Note: This is not a comedy but it’s so ubiquitous that I had to review it.
The Alchemist can be summed up using Coelho’s own words when he has one of his characters sum up a certain book that the protagonist is reading when they meet.
“‘It’s a book that says the same thing almost all the other books in the world say,’ continued the old man. ‘It describes people’s inability to choose their own Personal Legends.’” By this he means people’s inability to follow their hearts and dreams.
The fear of failure prevents us from achieving our dreams and if we simply follow our hearts we will achieve our personal goals. The end.
Unfortunately, this is not even correct. We all can’t follow our hearts to the Oval Office. Given the four year presidential term, it’s just not mathematically possible.
And yet somehow The Alchemist has sold more than 20 million copies worldwide and has been translated into 56 languages.
I think the popularity of this book can be attributed to three words.
It feels deep.
But the problem is, it’s not.
The story itself is about a Spanish boy who gives up his heard of sheep to follow his newfound dream of finding his treasure near the Egyptian pyramids. Along the way, he meets an alchemist who becomes his mentor. As a bibliophile friend of mine said, it’s a cute story.
The problem I have with it is that Coelho is a snake oil salesman pulling the wool over all of our eyes.
His recipe for sounding deep is to 1) write in a simplistic, allegorical style, 2) avoid giving his characters names, simply referring to them as the boy, the old man, and the Englishman etc., and 3) give everything a soul – The Soul of the World, The Soul of the Desert, the Soul of the Caravan etc.

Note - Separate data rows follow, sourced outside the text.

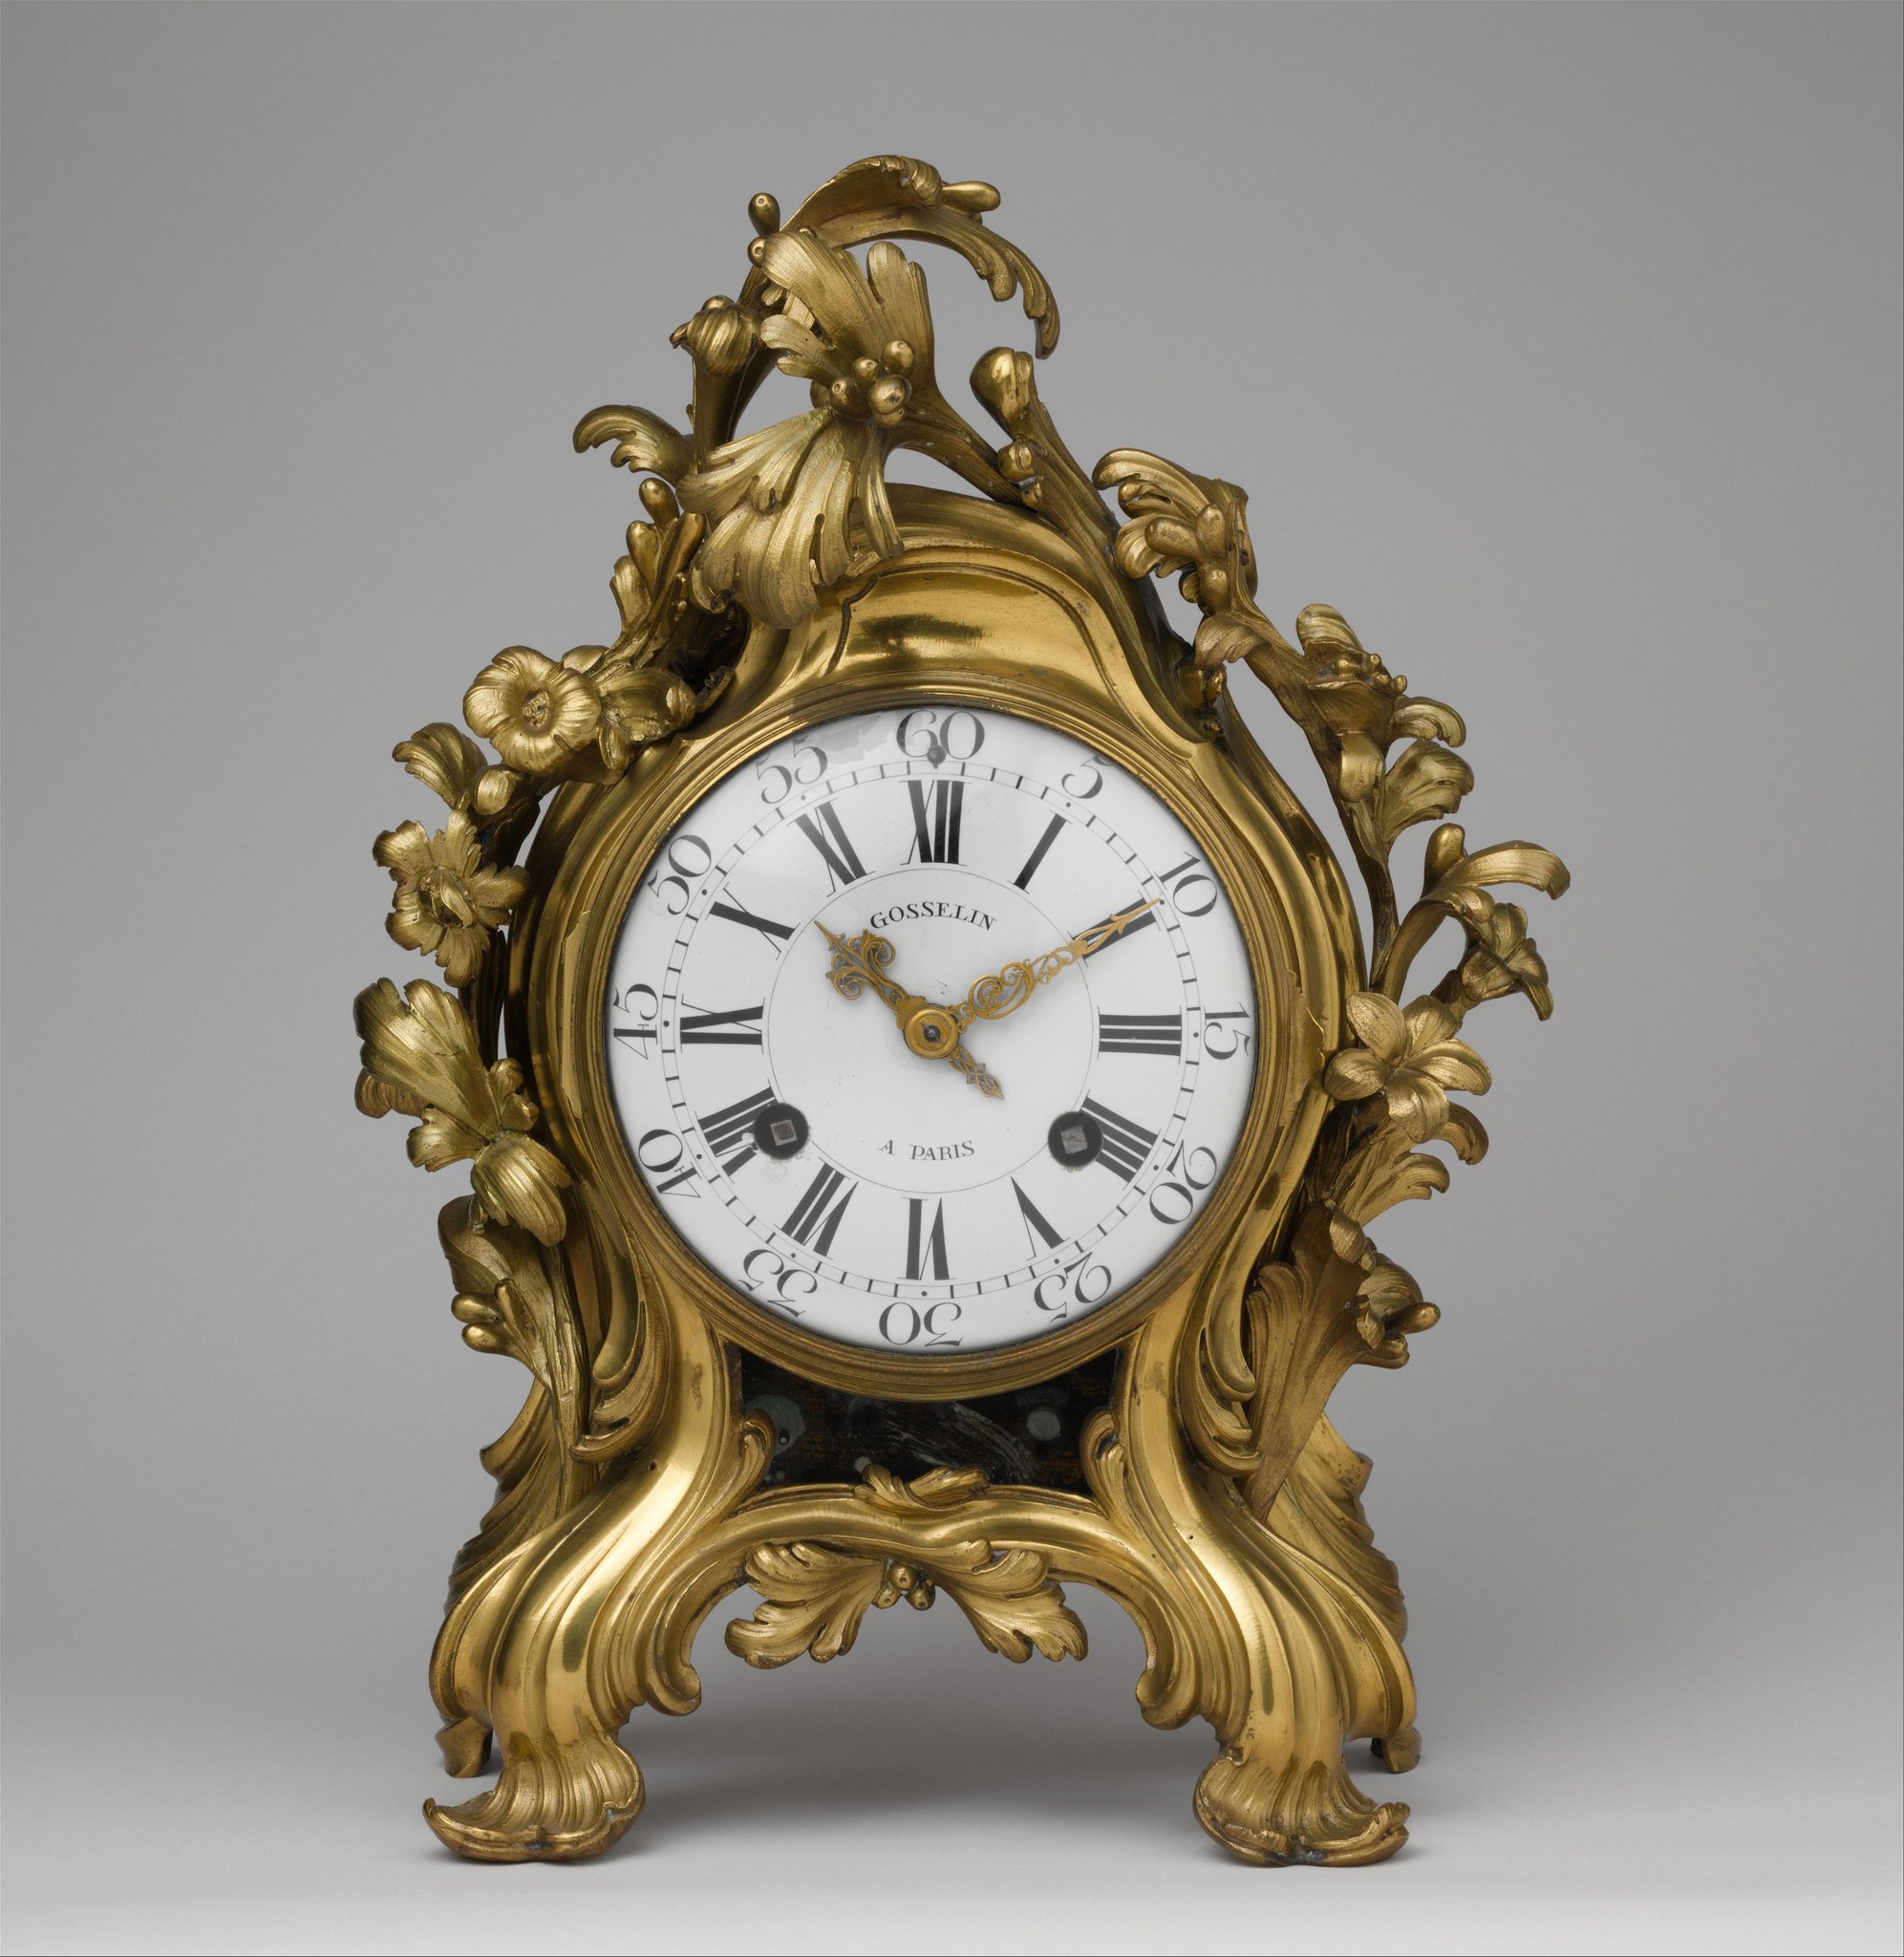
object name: mantel clock
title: Mantel clock (pendule à console)
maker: jean-philippe gosselin
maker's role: maker
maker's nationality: french
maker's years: 1666-1766
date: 1750
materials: brass, bronze, enamel, steel
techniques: gilding, lacquer, silvered
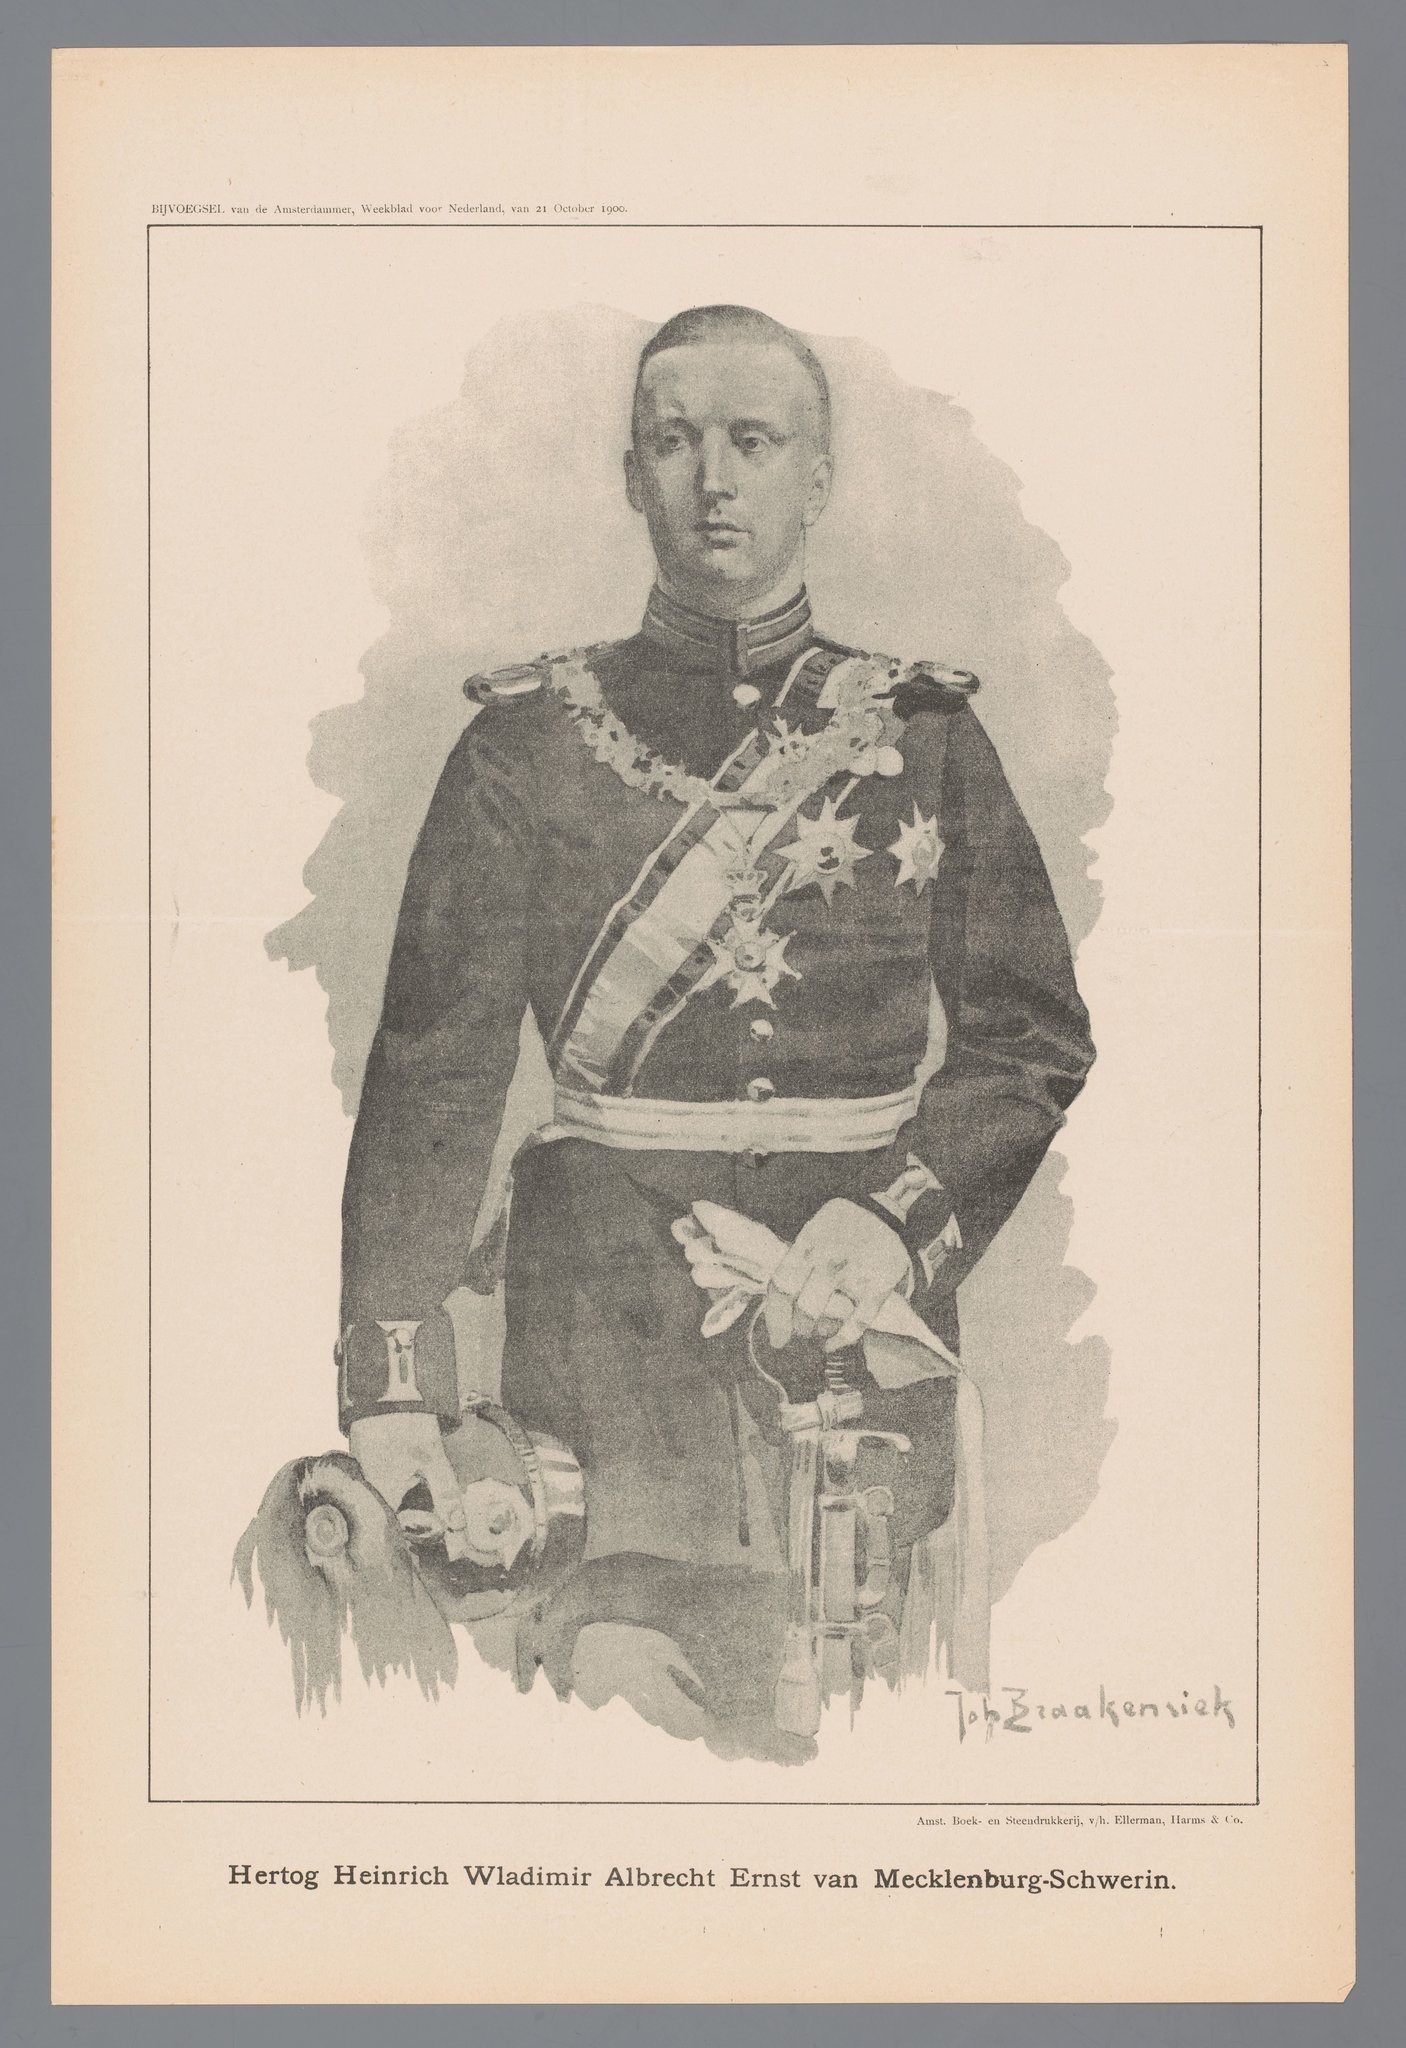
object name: print
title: Hertog Heinrich Wladimir Albrecht Ernst van Mecklenburg-Schwerin
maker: johan braakensiek
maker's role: draughtsman, print maker
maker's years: 1858-1940
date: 1900
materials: paper
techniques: lithograph
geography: amsterdam
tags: the hague, hendrik (prins der nederlanden (1876-1934)), historical persons, ruler, sovereign
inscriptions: date
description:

Further, he fills the book with passages that at first glance appear profound, but upon the tiniest of inspection, we see that they are nothing but confused and often contradictory bits of nonsense and/or bullshit. Below are a few of my favorites.
“Everything that happens once can never happen again. But everything that happens twice will surely happen a third time.”
“No matter what he does, every person on earth plays a central role in the history of the world. And normally he doesn’t know it.”
“There had been a time when he thought that his sheep could teach him everything he needed to know about the world. But they could have never taught him Arabic.”
I actually really like this last quote because it is one of the universe’s inherent truths. Loser sheep can’t teach us anything. Especially Arabic. Fuckin’ grass-chewing morons.
So while I would not recommend this book to anyone, it does have a satisfying ending and I also really like the following quote, so I’m giving it 2.5 pearls and rounding down to 2 since I always seem to round up and need to even that out a bit.
“When we love, we always strive to become better than we are.”
Bonus Fun Fact: According to Paulo, “there is one great truth on this planet: whoever you are, or whatever it is that you do, when you really want something, it’s because that desire originated in the soul of the universe. It’s your mission on earth.” Awesome! So my desire to plow Natalie Portman originated in the soul of the universe. How romantic. I’m sure she’ll swoon once she hears that and without a doubt let me get my drill on.
If you would like to buy this pretentious hoax, please click here to purchase it at Amazon via my affiliate link which will provide me with a tiny percentage of the cost at no additional charge to you whatsoever.
Bonus Insight: “…he realized that he had to choose between thinking of himself as the poor victim of a thief and as an adventurer in quest of his treasure.
‘I’m an adventurer, looking for treasure,’ he said to himself.”
Me? I’m a treasure adventuring for poontang.